• [Exercise]
From the listing below, pull out every line where the string "ExtractedPublisher" appears.

[Information provided Boundary: Start]

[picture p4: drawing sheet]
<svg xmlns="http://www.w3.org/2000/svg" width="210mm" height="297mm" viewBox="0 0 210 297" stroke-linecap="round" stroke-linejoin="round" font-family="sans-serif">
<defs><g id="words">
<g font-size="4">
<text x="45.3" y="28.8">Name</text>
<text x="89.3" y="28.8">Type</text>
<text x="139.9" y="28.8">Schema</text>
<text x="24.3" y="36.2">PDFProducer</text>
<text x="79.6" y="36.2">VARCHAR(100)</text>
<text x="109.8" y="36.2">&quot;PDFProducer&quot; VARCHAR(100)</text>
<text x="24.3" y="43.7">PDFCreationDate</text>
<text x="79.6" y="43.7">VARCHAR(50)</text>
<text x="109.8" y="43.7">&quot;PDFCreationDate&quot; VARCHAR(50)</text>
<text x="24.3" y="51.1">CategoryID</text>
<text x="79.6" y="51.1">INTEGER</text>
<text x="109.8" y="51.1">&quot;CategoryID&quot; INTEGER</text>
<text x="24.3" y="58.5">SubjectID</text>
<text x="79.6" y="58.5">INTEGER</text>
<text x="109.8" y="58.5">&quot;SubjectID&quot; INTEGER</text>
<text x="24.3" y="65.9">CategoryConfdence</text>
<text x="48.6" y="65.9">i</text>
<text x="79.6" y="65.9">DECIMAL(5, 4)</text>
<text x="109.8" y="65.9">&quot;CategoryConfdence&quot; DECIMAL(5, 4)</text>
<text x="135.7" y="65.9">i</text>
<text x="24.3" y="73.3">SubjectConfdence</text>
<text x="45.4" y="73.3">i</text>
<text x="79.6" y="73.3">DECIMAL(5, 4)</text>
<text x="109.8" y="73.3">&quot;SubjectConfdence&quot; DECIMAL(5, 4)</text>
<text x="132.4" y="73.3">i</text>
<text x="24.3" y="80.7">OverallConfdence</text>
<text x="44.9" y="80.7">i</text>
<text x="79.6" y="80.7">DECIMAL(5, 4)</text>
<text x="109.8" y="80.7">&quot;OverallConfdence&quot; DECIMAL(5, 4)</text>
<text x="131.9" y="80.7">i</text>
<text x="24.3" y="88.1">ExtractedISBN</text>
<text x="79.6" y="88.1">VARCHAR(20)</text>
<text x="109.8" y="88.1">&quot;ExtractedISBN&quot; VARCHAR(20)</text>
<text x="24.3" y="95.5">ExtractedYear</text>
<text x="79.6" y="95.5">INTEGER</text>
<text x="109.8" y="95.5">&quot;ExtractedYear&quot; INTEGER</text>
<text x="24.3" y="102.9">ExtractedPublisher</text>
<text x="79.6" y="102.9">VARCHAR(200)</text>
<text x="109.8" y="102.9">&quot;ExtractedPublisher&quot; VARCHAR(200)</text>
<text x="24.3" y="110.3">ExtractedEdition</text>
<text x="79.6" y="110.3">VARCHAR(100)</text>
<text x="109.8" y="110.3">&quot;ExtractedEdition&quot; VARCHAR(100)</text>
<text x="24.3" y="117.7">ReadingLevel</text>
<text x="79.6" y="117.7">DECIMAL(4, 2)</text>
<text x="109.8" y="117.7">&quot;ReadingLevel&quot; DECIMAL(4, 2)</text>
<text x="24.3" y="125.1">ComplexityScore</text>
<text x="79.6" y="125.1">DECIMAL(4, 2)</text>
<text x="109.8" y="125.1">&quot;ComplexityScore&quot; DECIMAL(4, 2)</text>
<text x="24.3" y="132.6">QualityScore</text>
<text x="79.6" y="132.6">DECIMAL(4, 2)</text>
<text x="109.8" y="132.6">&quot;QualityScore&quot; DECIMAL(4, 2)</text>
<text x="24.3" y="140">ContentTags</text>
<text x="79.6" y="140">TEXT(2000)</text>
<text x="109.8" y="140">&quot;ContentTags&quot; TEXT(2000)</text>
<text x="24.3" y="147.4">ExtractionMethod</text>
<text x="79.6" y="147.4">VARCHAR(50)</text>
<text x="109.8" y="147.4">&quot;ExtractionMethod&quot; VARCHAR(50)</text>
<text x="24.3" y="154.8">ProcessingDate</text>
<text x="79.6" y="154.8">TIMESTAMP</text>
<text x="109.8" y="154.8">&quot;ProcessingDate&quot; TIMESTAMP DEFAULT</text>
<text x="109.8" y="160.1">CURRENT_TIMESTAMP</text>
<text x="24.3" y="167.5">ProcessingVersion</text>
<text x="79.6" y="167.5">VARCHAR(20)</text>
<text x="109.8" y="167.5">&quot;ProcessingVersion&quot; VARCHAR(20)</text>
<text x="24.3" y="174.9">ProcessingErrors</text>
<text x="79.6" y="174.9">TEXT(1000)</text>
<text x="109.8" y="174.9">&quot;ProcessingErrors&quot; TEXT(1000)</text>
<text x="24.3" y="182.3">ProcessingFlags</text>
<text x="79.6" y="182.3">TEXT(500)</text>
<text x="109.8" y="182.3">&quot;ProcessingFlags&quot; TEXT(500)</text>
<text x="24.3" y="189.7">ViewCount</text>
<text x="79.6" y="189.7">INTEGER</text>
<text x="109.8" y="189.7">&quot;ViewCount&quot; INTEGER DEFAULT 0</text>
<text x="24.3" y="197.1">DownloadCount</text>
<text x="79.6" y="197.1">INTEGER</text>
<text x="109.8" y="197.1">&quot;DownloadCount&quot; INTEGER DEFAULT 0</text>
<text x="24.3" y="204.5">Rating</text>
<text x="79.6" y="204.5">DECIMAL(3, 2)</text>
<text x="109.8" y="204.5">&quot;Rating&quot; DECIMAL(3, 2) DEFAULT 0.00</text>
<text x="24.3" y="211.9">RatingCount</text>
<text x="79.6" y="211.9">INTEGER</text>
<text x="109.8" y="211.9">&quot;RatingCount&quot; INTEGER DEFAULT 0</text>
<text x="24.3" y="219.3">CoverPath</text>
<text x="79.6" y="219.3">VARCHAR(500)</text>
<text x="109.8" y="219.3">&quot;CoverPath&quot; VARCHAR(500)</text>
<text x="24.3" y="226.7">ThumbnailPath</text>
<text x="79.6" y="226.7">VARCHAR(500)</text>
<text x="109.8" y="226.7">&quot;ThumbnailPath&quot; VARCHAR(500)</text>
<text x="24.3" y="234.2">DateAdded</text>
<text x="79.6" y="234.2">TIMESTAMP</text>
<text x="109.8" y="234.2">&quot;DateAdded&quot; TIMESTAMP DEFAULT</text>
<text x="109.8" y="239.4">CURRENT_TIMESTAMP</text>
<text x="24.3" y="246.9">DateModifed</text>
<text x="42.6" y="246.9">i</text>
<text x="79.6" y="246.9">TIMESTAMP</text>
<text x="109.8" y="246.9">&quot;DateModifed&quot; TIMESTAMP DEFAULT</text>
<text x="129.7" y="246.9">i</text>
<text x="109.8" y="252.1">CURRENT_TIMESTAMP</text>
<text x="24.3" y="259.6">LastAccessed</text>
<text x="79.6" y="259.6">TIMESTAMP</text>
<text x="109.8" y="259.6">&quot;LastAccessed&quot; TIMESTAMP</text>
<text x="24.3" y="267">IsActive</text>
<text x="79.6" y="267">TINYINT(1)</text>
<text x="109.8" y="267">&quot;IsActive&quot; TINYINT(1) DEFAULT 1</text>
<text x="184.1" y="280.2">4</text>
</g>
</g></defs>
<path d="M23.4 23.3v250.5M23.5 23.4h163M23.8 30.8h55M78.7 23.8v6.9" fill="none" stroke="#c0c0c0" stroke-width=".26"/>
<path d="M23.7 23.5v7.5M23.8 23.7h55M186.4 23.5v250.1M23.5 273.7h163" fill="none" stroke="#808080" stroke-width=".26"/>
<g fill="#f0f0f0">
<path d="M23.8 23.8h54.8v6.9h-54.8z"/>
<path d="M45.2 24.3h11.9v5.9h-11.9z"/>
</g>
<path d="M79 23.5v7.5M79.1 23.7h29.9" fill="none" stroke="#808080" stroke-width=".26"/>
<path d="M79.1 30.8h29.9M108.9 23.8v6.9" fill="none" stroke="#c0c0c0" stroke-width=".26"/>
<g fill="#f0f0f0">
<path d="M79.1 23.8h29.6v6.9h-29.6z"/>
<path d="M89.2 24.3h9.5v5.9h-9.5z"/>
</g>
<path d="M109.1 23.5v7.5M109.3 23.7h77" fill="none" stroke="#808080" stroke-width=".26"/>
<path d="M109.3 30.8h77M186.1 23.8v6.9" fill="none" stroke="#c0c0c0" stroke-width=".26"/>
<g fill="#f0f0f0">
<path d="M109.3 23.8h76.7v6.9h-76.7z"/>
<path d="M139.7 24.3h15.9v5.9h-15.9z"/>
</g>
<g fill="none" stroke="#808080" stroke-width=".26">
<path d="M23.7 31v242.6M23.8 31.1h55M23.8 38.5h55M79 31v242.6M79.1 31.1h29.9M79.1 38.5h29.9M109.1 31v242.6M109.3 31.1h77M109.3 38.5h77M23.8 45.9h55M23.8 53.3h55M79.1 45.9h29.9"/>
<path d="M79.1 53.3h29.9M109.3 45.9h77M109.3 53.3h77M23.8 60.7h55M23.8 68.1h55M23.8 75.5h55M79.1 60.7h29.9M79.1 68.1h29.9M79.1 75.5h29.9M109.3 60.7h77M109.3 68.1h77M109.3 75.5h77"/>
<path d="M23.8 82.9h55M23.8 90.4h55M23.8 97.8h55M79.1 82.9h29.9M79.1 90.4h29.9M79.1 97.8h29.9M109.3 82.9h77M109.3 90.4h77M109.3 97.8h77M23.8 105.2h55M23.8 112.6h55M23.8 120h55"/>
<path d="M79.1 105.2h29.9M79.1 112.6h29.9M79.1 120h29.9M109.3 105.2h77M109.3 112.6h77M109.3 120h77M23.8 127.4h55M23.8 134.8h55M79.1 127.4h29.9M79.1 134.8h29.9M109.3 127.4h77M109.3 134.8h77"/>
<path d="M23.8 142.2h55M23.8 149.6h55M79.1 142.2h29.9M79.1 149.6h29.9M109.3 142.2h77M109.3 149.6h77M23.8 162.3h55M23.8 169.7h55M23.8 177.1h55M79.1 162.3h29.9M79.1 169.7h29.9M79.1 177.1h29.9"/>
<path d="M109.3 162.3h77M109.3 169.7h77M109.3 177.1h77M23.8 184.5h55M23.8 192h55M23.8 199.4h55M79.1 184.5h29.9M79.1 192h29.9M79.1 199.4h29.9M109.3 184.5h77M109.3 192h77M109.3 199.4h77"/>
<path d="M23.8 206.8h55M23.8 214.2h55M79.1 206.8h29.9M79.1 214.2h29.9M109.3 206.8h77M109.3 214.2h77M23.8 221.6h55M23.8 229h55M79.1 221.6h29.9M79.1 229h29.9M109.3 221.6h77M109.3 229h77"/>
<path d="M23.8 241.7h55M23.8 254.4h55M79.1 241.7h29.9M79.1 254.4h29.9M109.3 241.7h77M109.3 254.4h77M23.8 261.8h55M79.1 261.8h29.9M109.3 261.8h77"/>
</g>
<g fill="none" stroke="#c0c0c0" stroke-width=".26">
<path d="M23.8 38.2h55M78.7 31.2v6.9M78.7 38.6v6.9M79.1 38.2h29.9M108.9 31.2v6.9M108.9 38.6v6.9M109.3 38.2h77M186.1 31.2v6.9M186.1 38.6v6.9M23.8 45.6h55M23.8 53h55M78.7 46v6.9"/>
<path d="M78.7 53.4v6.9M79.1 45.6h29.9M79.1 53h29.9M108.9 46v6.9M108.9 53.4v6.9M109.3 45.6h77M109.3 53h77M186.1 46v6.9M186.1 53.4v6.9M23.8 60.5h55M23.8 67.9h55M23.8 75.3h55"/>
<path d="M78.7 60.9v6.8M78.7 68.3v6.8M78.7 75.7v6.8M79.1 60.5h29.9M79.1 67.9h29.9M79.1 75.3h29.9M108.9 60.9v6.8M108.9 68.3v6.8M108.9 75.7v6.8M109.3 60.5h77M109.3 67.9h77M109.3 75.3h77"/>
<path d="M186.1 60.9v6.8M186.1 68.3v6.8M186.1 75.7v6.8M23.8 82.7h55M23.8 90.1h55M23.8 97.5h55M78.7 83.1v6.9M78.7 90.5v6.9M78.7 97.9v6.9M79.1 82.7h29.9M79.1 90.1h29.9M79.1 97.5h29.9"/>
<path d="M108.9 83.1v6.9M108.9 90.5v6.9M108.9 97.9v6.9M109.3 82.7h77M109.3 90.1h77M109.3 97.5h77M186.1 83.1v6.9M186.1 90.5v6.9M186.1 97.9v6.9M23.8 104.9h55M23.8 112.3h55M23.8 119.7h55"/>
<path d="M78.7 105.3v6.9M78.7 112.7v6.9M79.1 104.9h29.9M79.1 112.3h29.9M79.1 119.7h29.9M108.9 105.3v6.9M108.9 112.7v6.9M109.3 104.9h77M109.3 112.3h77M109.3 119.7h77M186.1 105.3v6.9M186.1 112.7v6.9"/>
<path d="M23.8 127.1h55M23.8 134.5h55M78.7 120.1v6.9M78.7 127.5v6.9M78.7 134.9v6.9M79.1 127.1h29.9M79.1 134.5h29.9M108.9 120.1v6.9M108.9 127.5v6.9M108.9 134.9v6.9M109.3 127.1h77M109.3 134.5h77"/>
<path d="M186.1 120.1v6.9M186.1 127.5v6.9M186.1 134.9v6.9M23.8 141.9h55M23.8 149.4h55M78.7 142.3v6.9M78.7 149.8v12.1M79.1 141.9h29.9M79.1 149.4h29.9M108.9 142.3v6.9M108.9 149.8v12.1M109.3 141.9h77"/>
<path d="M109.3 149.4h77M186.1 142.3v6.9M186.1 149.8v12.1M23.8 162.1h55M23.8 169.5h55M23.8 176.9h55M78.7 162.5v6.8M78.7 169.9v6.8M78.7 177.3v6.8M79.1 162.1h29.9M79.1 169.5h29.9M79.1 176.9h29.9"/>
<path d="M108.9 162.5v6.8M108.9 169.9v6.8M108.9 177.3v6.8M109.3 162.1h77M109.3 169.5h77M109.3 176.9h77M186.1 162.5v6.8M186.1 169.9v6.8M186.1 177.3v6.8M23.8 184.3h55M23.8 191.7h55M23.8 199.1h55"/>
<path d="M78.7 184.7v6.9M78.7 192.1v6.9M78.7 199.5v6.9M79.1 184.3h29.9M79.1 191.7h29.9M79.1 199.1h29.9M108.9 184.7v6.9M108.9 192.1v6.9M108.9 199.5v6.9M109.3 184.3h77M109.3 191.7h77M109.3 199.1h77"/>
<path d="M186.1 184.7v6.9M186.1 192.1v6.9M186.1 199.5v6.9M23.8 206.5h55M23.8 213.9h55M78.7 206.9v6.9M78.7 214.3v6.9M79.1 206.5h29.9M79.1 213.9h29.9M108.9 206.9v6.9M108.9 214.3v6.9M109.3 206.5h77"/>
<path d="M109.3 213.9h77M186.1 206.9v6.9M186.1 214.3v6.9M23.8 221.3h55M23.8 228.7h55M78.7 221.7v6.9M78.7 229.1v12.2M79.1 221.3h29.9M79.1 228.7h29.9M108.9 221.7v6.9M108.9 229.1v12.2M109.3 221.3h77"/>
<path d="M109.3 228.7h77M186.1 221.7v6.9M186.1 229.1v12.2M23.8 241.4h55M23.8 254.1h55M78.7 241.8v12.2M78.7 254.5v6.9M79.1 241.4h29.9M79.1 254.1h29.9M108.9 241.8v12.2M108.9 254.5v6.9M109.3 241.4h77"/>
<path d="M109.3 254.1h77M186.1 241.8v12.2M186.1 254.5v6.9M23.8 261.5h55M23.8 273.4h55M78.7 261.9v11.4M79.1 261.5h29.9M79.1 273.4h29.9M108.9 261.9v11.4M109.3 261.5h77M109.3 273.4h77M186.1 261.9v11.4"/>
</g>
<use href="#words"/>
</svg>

[Information provided Boundary: End]

• [Response area]
<text x="24.3" y="102.9">ExtractedPublisher</text>
<text x="109.8" y="102.9">&quot;ExtractedPublisher&quot; VARCHAR(200)</text>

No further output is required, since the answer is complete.